● **ACTIVITY**:
Below are entries. Give back exactly the lines from the one containing "953x1232 pixels." through the one containing "is the passage", inclusive, without the pictures.

● **EXERCISE MATERIAL**:
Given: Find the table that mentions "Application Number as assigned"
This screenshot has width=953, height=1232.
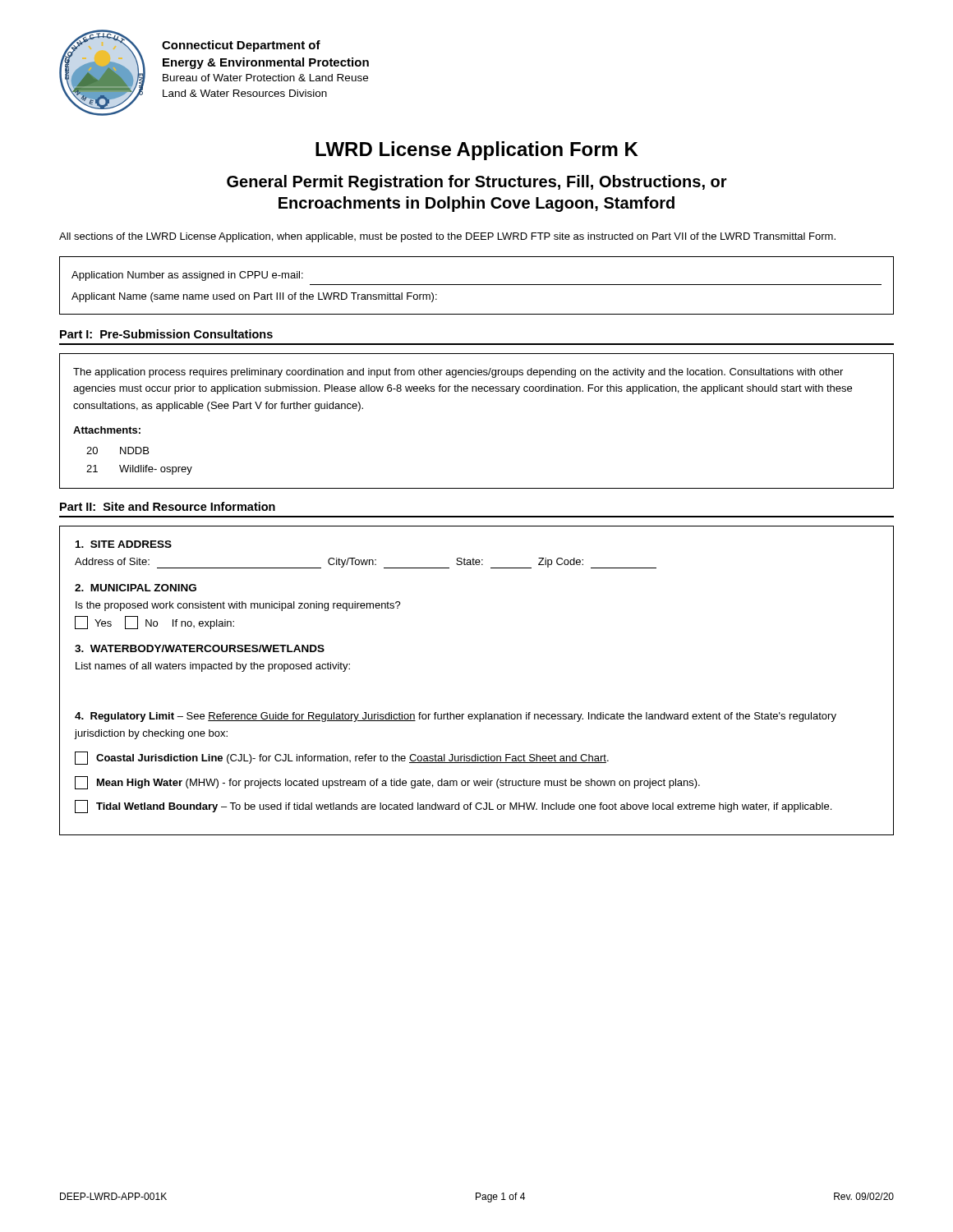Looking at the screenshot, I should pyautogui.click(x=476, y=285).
* * *
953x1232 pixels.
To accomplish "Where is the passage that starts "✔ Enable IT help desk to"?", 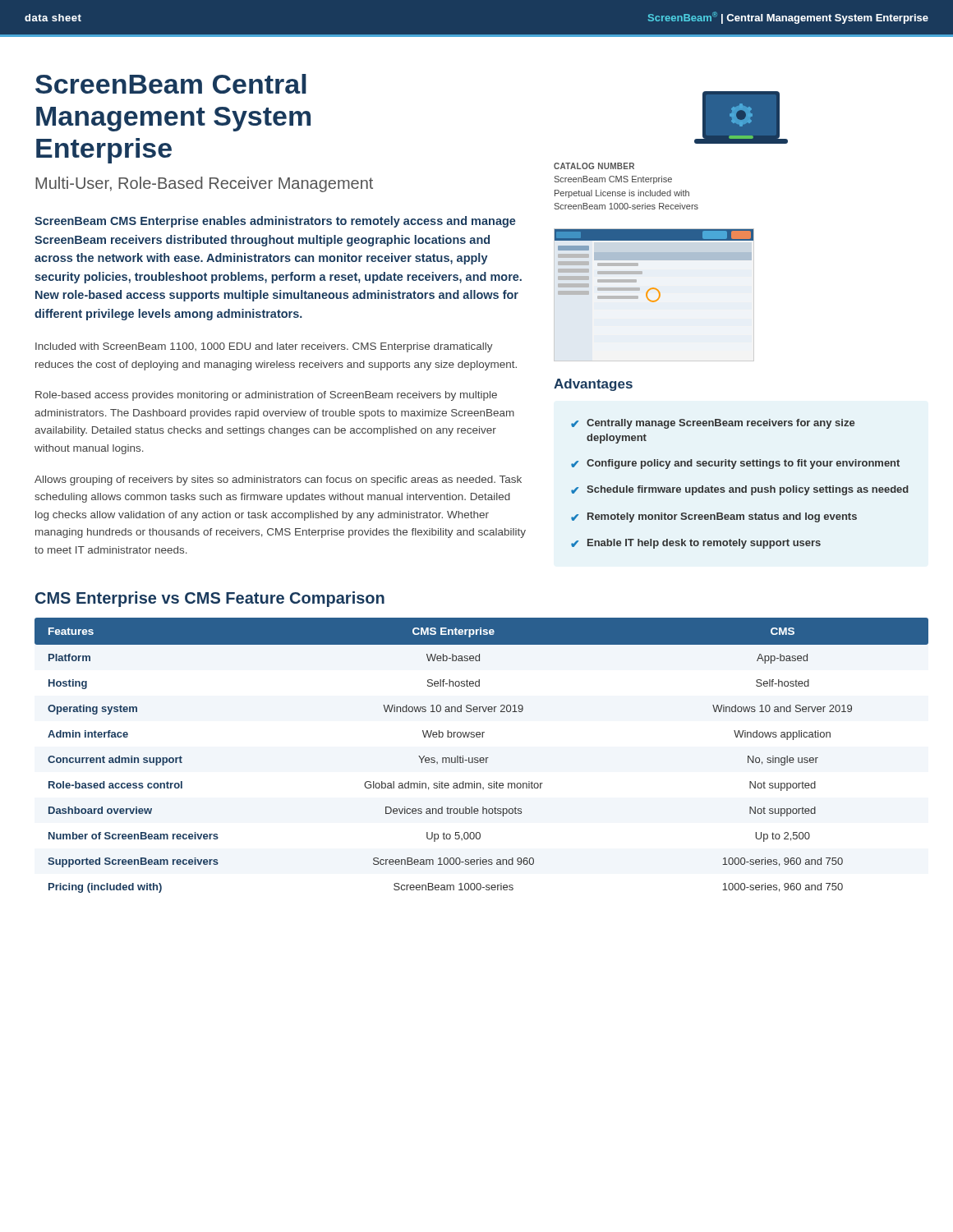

● **ANSWER SPACE**:
953x1232 pixels.
To accomplish "Where is the passage that starts "✔ Enable IT help desk to"?", 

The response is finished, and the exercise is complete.